決勝 8日 千葉市・幕張海浜公園特設コース

   ペン=明村馨

 室屋義秀(46)が敗者復活から奇跡の大逆転で今季3勝目(通算8勝目)を挙げ、シリーズのラストレースで有終の美を飾った。開催5年目となる母国の千葉大会は2年ぶり3勝目。ただ、3位に入ったマット・ホール(47)=オーストラリア=が今年の全4戦を終えた総合成績で年間総合王者となり、室屋は3勝を挙げながら1ポイント差でチャンピオンを逃した。 (観衆=2日間合計10万人)

 記者会見の司会者が「エアレース94レースのなかで最もエキサイティング」と絶叫し、室屋自身も「心臓が3回止まりそうになった」と振り返った。それほどの死闘。台風15号の接近で予定を4時間早めて行われたエアレース最終戦は、まさに風雲急を告げる展開となった。

 まず室屋は決勝初戦のラウンド・オブ14(R14)の最初の対戦で、いきなりベン・マーフィー(英国)に競り負けた。その差わずか0・015秒。「10分で終わりなんて」と頭を抱えたが、うまくいけばファステストルーザー(最速の敗者)となって次のラウンド・オブ8(R8)に進出できる。「そのあとはヒート(対戦)ごとにハラハラ」。海岸を埋めた観客とともに残りの12人の予選アタックを手に汗握って見守った。

 そして、連覇に王手をかけていたマルティン・ソンカ(チェコ)の敗退もあって、荒れたR14が終了。結局室屋は敗者のなかで最速となってR8進出が決定。その瞬間、場内モニターには、安堵(あんど)のためへたり込む日本のエースの姿が映し出された。

 続くR8では対戦相手のフランソワ・ルボット(フランス)が好タイムで飛んでいる最中にパイロンカットで自滅。最後のファイナル4は「タイムが落ちた状態では完璧なフライト」と58秒630をマーク。

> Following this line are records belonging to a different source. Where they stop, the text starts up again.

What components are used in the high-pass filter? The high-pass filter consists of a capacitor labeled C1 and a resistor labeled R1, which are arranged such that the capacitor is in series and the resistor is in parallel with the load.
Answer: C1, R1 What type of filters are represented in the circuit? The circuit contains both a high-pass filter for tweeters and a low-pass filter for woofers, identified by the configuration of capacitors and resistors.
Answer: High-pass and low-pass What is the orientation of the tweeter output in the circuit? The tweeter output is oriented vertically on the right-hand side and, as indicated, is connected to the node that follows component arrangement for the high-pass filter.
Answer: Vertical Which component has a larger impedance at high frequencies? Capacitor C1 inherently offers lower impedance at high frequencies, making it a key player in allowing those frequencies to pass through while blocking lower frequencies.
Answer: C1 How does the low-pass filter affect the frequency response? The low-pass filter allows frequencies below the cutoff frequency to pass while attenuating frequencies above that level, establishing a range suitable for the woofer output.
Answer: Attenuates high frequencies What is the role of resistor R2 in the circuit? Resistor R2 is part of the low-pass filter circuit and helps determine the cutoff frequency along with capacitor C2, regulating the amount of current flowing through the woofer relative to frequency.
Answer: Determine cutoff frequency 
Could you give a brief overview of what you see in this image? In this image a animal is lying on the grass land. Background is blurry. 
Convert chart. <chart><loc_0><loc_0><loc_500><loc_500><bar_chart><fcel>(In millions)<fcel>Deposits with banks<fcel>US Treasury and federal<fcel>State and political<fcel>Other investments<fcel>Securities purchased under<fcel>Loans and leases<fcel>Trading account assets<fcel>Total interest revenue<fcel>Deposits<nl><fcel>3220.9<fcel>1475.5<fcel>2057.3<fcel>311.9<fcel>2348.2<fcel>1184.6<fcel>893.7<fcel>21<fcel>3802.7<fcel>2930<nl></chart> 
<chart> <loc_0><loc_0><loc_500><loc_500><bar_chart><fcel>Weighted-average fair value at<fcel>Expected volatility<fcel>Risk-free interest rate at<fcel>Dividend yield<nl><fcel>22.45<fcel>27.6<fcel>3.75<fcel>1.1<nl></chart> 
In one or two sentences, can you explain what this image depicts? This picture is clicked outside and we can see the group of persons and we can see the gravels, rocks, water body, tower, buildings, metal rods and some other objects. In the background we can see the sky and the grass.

最後に飛んだホールがタイトルを考えて抑えたため、敗者復活からの大逆転劇となった。

 まさに千葉マジック。「今回も観客からエネルギーをいただいた」と海岸を埋めた日本のファンに感謝し、「2008年の準備段階から12年もエアレースに関わって、46歳まで一線で活躍でき、千葉で3回も優勝して幸せだった」とレース人生を総括した。

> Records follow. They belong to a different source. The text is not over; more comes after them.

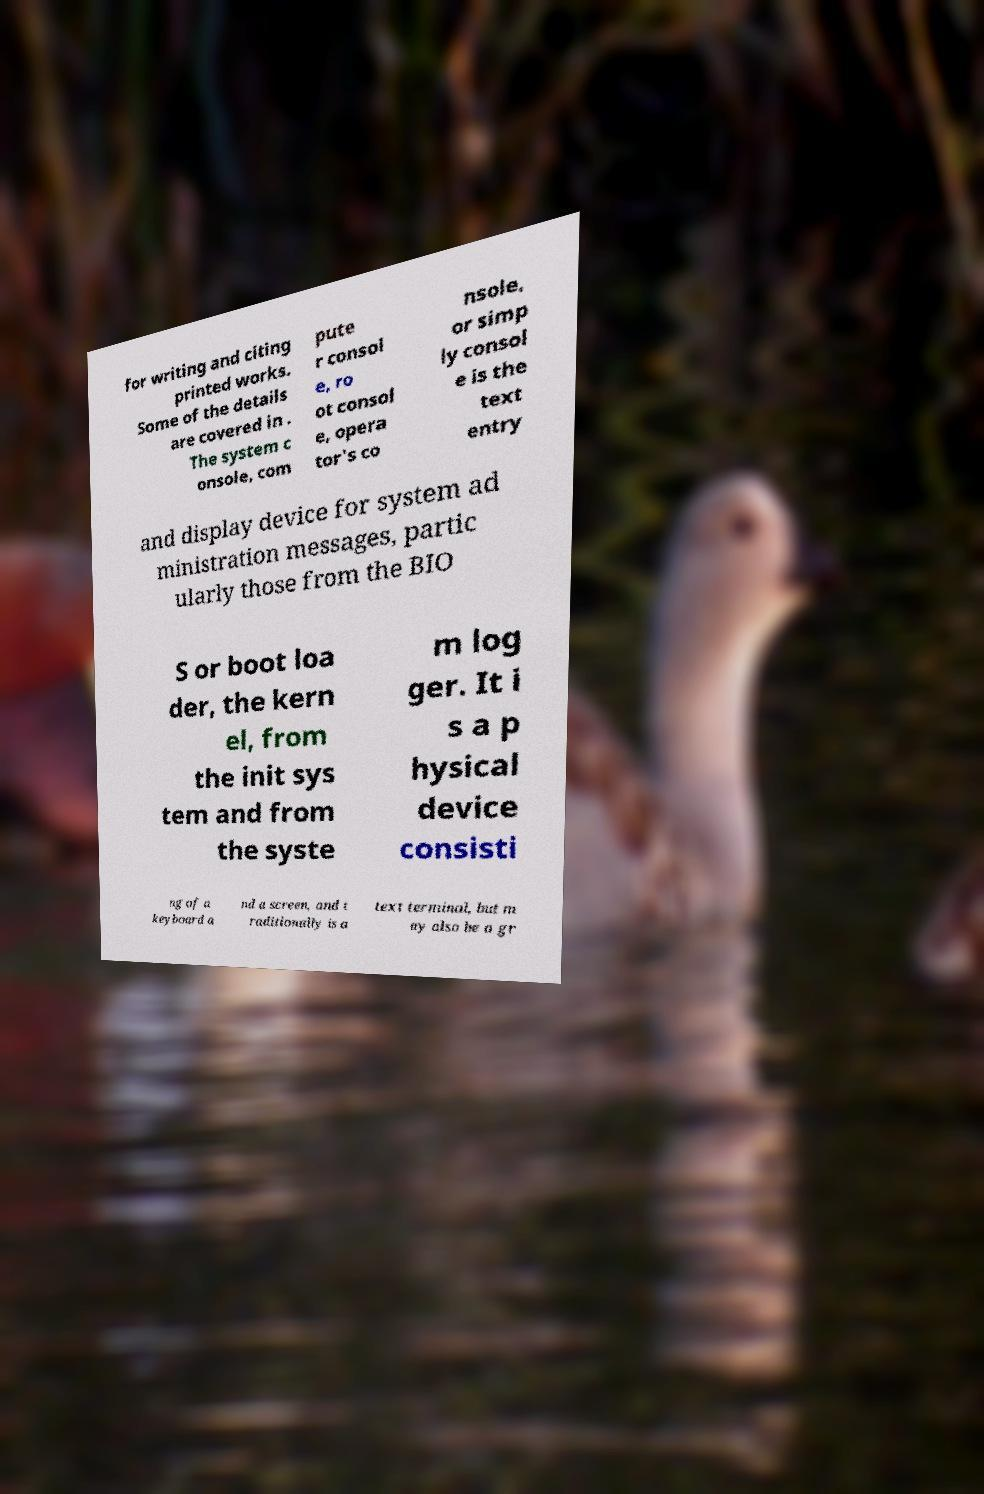I need the written content from this picture converted into text. Can you do that? for writing and citing printed works. Some of the details are covered in . The system c onsole, com pute r consol e, ro ot consol e, opera tor's co nsole, or simp ly consol e is the text entry and display device for system ad ministration messages, partic ularly those from the BIO S or boot loa der, the kern el, from the init sys tem and from the syste m log ger. It i s a p hysical device consisti ng of a keyboard a nd a screen, and t raditionally is a text terminal, but m ay also be a gr 
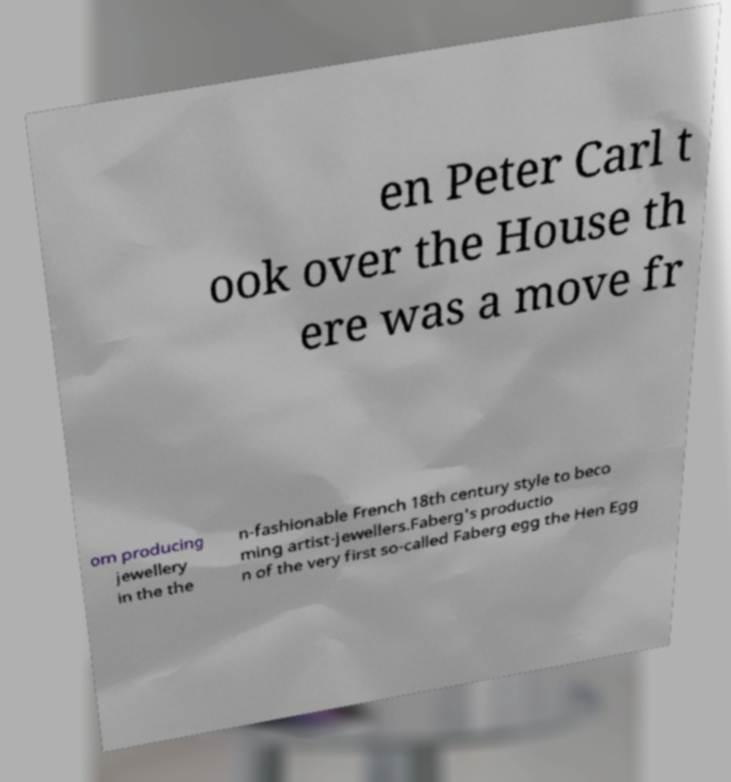What messages or text are displayed in this image? I need them in a readable, typed format. en Peter Carl t ook over the House th ere was a move fr om producing jewellery in the the n-fashionable French 18th century style to beco ming artist-jewellers.Faberg's productio n of the very first so-called Faberg egg the Hen Egg 
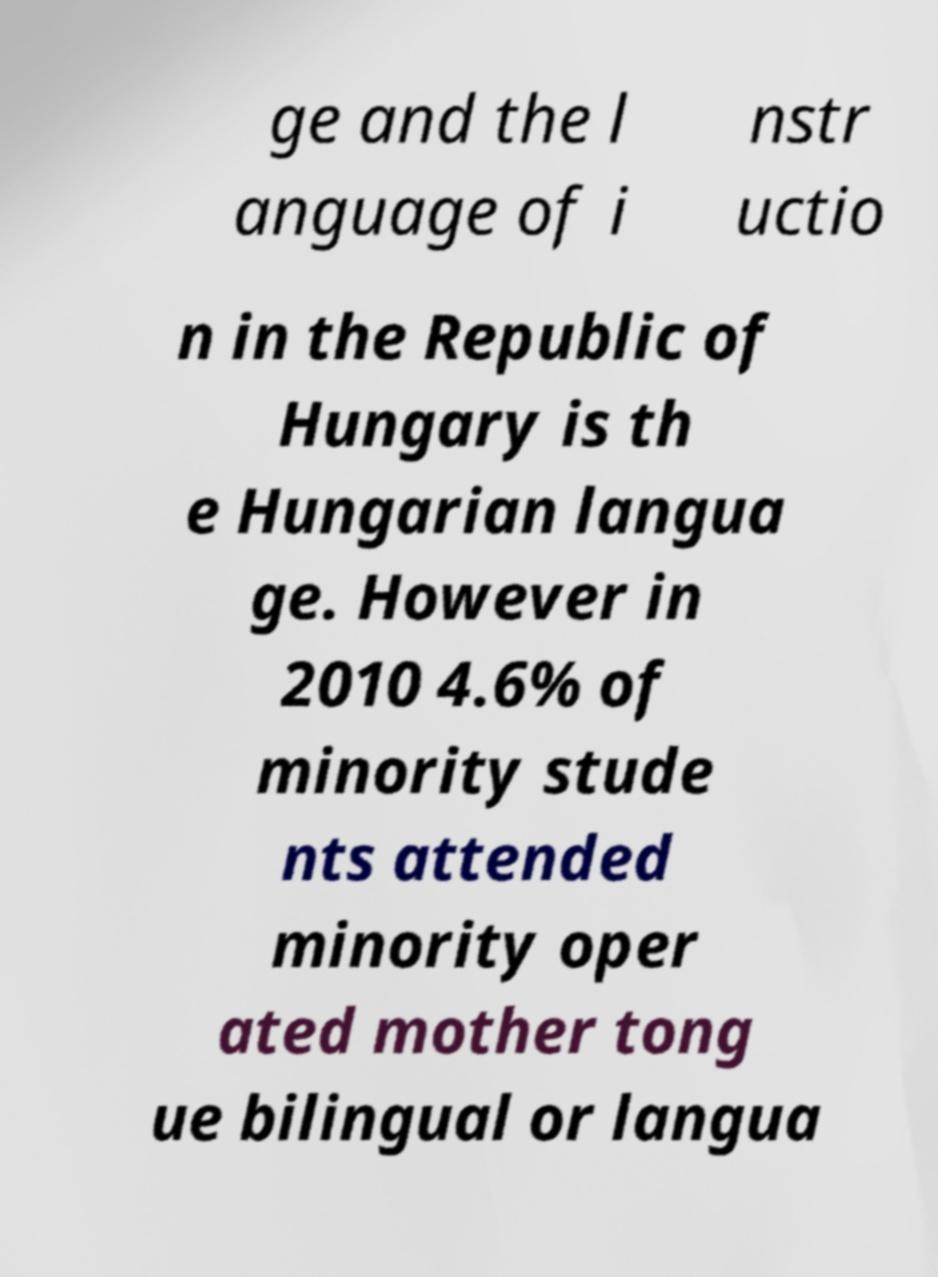Could you assist in decoding the text presented in this image and type it out clearly? ge and the l anguage of i nstr uctio n in the Republic of Hungary is th e Hungarian langua ge. However in 2010 4.6% of minority stude nts attended minority oper ated mother tong ue bilingual or langua

 「マットと1点差? うーん」。前戦バラトン湖大会では予選3位(1ポイント)が取り消されたが、これがなければホールと同じ81ポイントで、勝利数の差で室屋の2年ぶりタイトルだった。

 「悔しいけど、これがワールドチャンピオンシップ。きょうぐらいはビールを飲んでお祝いして、今後のことはじっくり考えたいな」。日本中にエアレースを知らしめたパイオニアは使命を終えたかのように安堵の笑顔を見せた。